[INFORMATION]

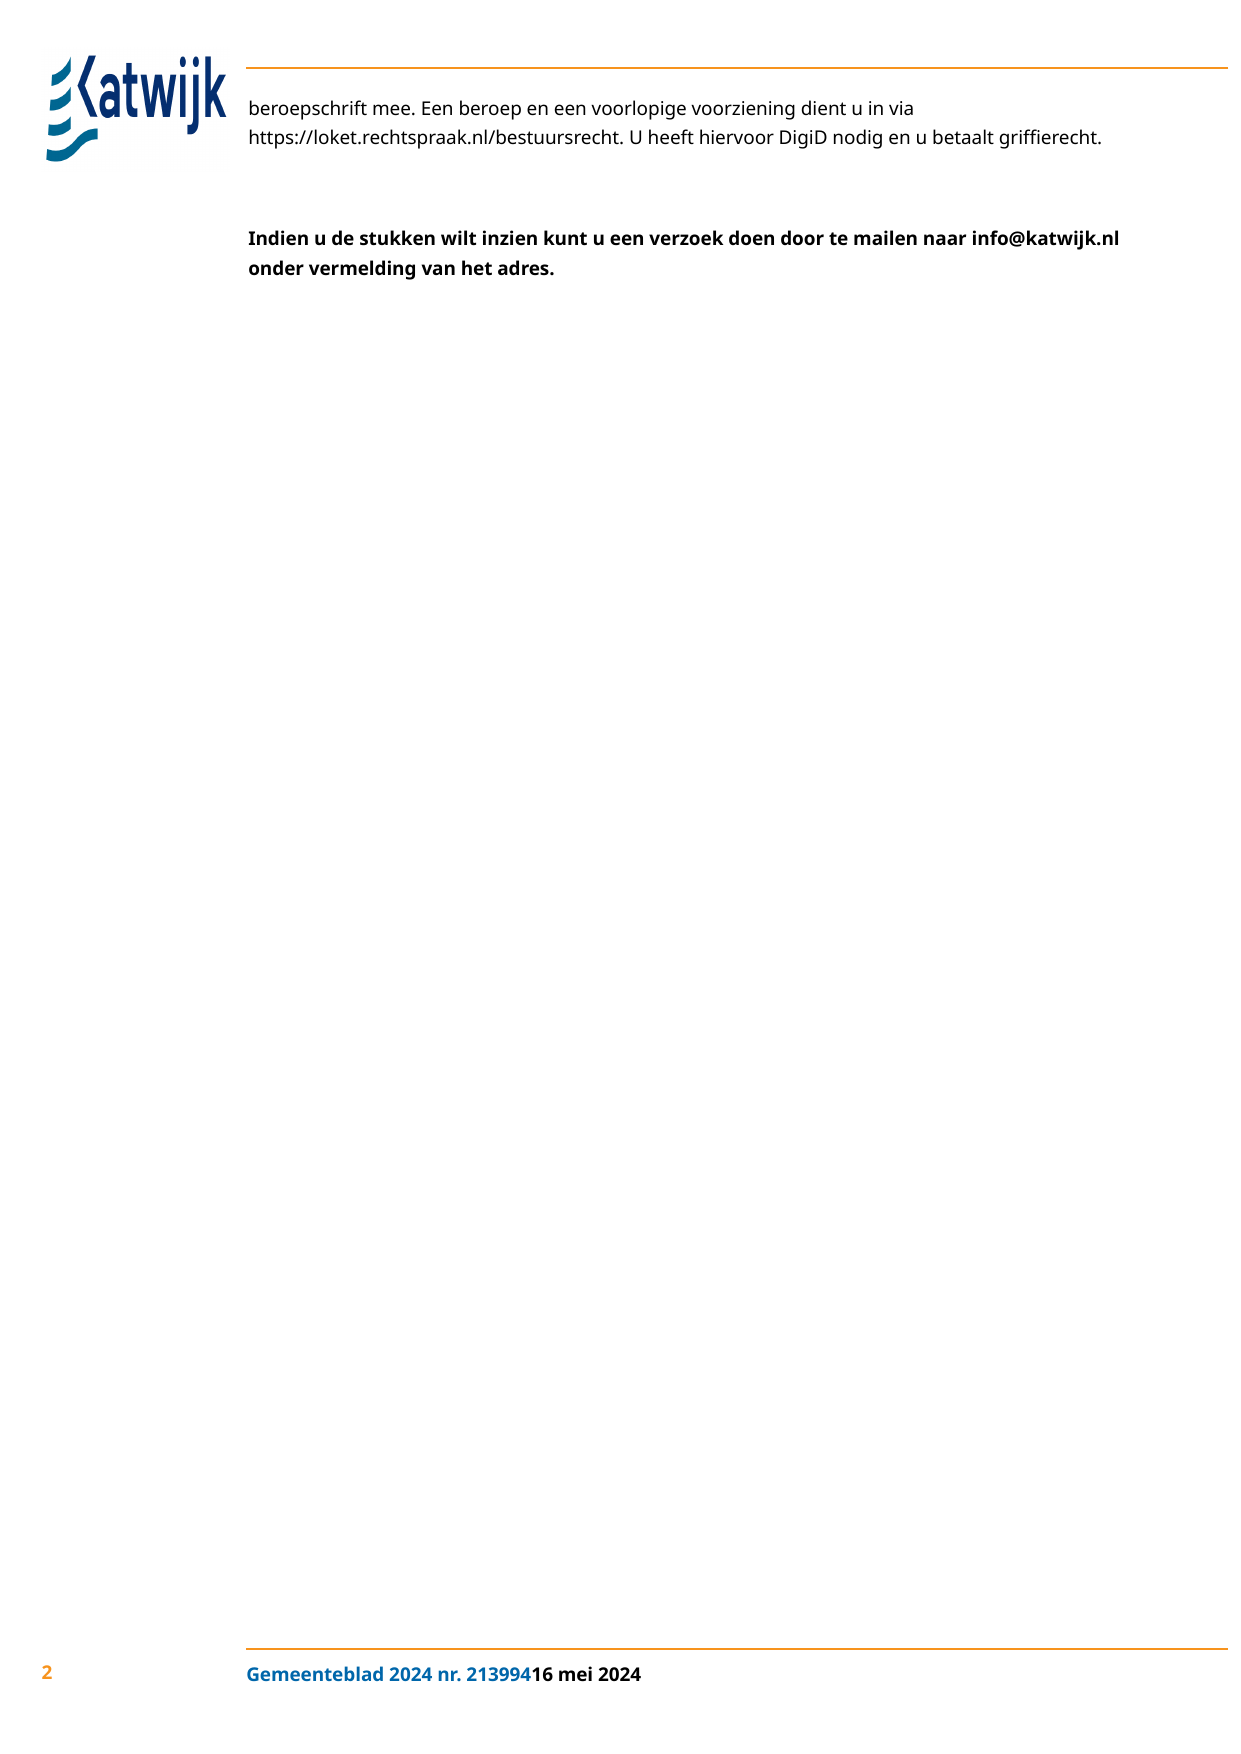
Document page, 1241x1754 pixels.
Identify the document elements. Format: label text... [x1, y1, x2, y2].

picture [41, 47, 231, 172]
text beroepschrift mee. Een beroep en een voorlopige voorziening dient u in via https://loket.rechtspraak.nl/bestuursrecht. U heeft hiervoor DigiD nodig en u betaalt griffierecht. [248, 95, 1152, 150]
text Indien u de stukken wilt inzien kunt u een verzoek doen door te mailen naar info@katwijk.nl onder vermelding van het adres. [248, 225, 1152, 281]
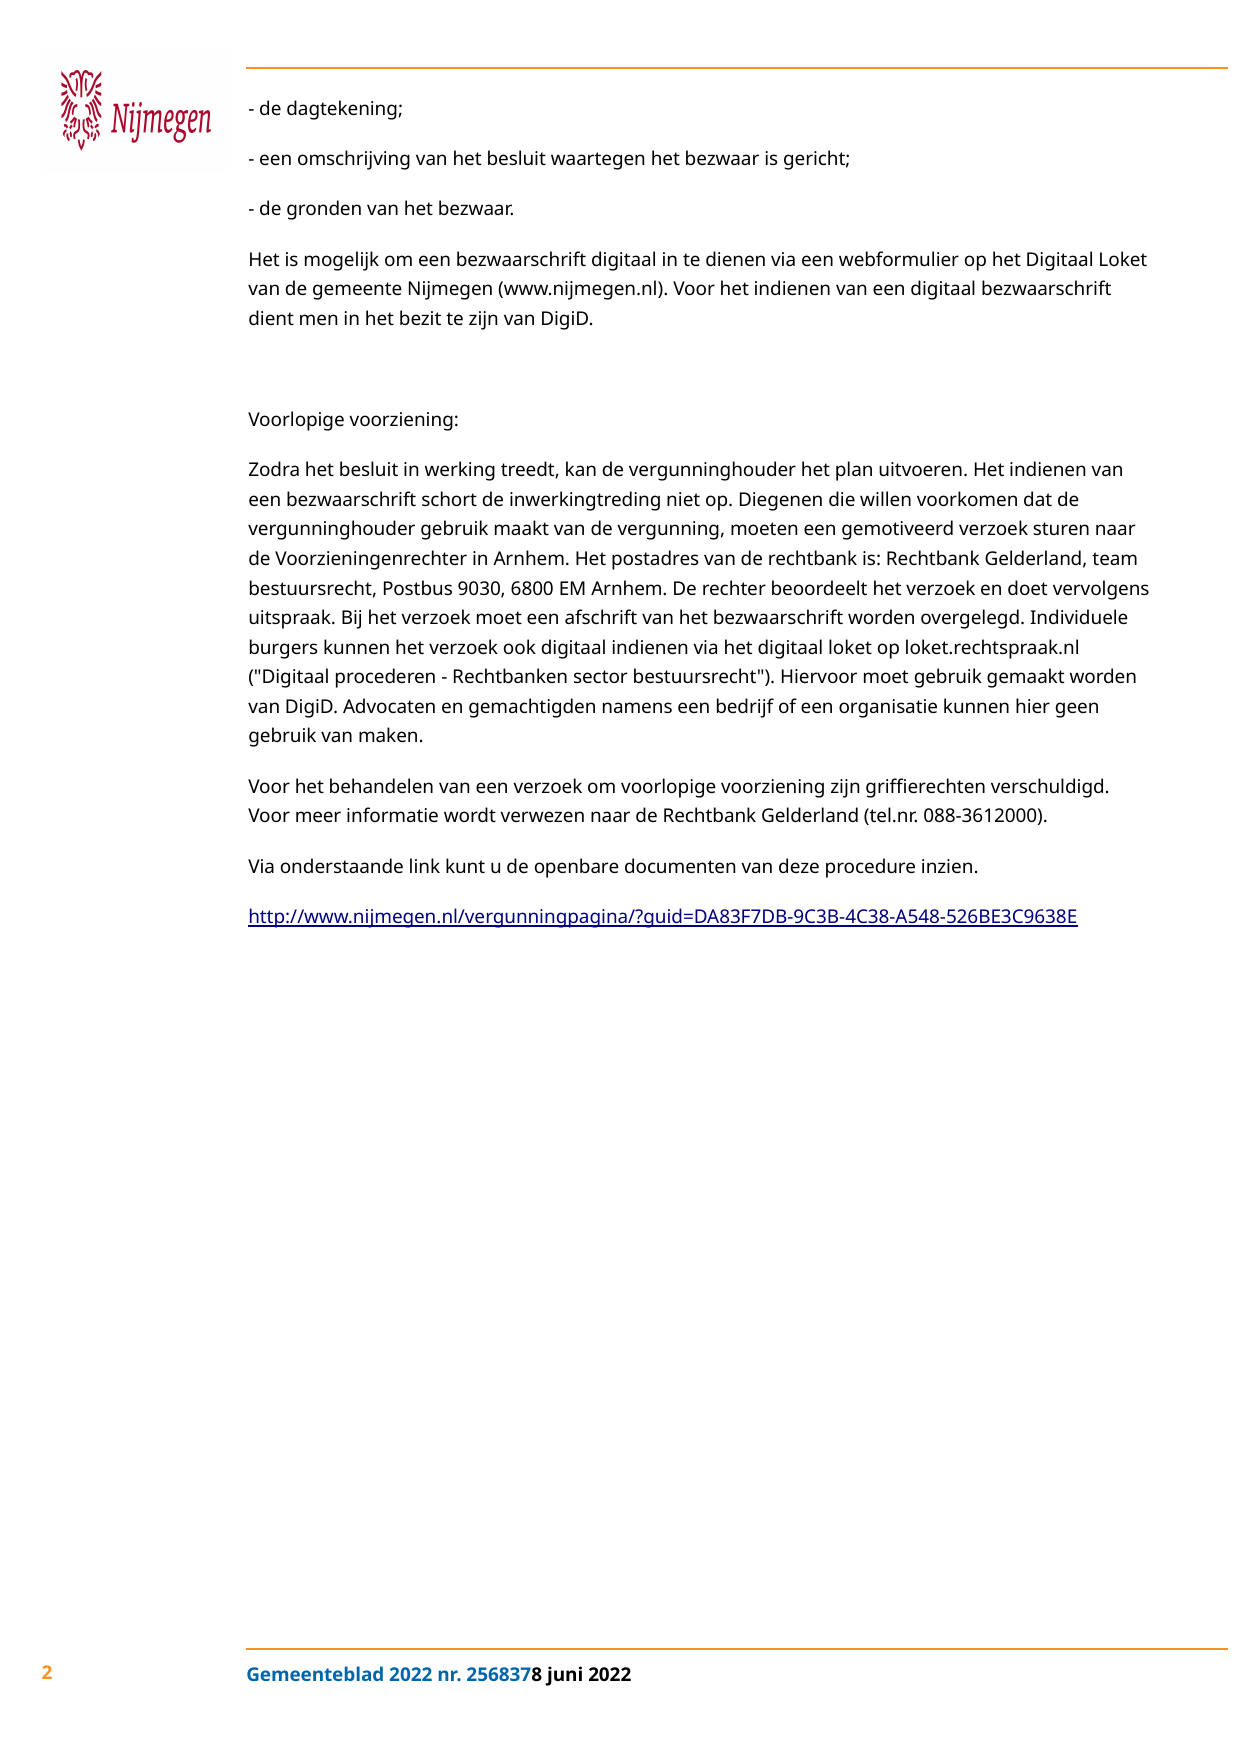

[YOUR TASK] Could you repeat every entry above exactly, with each picture omitted?

[ANSWER AREA]
Document page, 1241x1754 pixels.
Identify the document elements. Format: label text... [x1, y1, x2, y2].

picture [41, 47, 231, 172]
text beroepschrift mee. Een beroep en een voorlopige voorziening dient u in via https://loket.rechtspraak.nl/bestuursrecht. U heeft hiervoor DigiD nodig en u betaalt griffierecht. [248, 95, 1152, 150]
text Indien u de stukken wilt inzien kunt u een verzoek doen door te mailen naar info@katwijk.nl onder vermelding van het adres. [248, 225, 1152, 281]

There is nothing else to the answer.